Data extracted from a collection
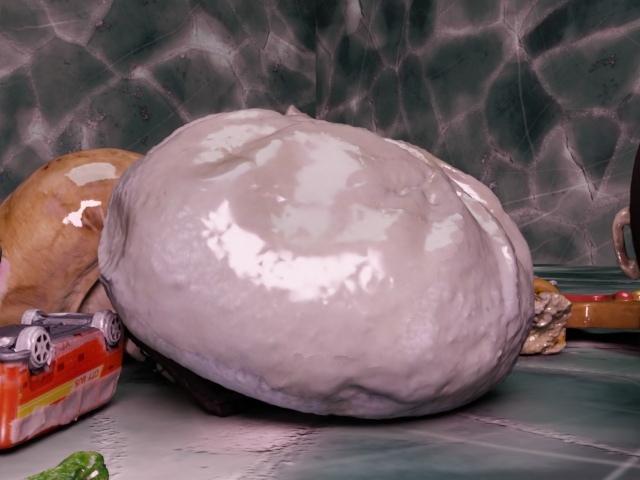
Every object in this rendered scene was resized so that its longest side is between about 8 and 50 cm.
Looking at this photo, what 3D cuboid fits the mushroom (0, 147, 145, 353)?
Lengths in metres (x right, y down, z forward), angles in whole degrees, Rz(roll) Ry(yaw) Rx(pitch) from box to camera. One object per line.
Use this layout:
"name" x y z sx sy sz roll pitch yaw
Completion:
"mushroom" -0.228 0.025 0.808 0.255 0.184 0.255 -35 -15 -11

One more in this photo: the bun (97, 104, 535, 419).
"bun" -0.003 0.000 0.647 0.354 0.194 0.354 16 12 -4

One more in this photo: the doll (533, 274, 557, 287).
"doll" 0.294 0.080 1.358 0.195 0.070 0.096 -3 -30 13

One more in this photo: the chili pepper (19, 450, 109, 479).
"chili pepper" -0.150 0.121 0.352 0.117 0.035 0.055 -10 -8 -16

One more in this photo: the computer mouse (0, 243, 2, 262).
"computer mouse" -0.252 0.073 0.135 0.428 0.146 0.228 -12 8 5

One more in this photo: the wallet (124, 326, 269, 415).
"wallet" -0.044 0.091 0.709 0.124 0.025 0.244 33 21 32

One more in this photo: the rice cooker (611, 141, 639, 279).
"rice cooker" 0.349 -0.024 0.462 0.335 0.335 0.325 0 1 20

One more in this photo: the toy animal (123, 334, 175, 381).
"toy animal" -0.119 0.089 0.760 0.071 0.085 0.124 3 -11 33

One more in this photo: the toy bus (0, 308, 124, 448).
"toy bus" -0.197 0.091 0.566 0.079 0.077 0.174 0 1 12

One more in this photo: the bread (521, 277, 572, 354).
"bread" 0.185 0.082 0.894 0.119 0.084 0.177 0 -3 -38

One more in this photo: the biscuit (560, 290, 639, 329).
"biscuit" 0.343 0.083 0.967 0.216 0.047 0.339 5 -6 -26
--
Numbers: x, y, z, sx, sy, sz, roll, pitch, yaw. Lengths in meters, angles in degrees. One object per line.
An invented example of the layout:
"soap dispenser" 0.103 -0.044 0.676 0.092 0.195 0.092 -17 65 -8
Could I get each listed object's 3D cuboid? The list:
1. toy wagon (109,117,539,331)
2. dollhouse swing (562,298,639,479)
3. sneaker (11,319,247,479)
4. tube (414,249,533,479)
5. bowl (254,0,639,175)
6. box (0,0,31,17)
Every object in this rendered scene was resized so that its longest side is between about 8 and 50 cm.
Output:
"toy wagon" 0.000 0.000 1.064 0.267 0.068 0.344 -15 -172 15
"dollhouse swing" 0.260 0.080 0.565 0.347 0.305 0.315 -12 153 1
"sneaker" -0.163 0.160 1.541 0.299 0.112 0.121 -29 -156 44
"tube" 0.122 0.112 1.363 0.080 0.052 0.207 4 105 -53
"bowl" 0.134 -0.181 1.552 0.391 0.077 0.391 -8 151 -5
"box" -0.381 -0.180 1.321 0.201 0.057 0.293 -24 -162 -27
---
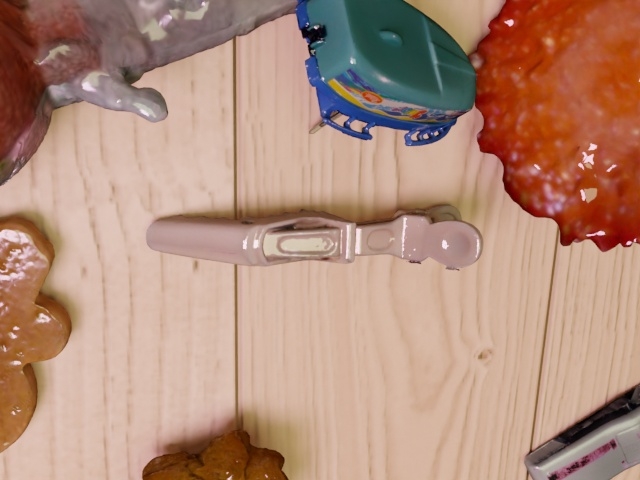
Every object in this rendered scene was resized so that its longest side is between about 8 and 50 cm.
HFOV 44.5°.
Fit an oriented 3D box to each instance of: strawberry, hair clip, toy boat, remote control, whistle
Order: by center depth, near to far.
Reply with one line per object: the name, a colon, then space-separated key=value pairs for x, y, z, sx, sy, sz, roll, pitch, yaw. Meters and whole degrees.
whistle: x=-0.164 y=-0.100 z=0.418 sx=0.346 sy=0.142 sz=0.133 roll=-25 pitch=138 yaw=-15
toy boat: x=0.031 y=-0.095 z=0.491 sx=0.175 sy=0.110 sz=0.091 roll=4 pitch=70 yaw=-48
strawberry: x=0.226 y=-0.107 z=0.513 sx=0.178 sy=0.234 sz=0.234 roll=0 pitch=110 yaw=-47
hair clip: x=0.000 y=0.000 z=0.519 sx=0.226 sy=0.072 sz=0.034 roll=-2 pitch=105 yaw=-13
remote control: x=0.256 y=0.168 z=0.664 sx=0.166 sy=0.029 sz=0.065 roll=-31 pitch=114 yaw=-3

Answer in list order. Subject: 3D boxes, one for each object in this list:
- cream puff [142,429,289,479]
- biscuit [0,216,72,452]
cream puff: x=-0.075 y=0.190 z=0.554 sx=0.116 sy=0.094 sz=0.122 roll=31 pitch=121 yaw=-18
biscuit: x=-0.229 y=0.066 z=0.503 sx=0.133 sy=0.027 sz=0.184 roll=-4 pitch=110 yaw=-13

*About this task*:
Identify the lines above with the word "each". Copy them.

*Solution for this exercise*:
Could I get each listed object's 3D cuboid? The list:
Fit an oriented 3D box to each instance of: strawberry, hair clip, toy boat, remote control, whistle
Answer in list order. Subject: 3D boxes, one for each object in this list:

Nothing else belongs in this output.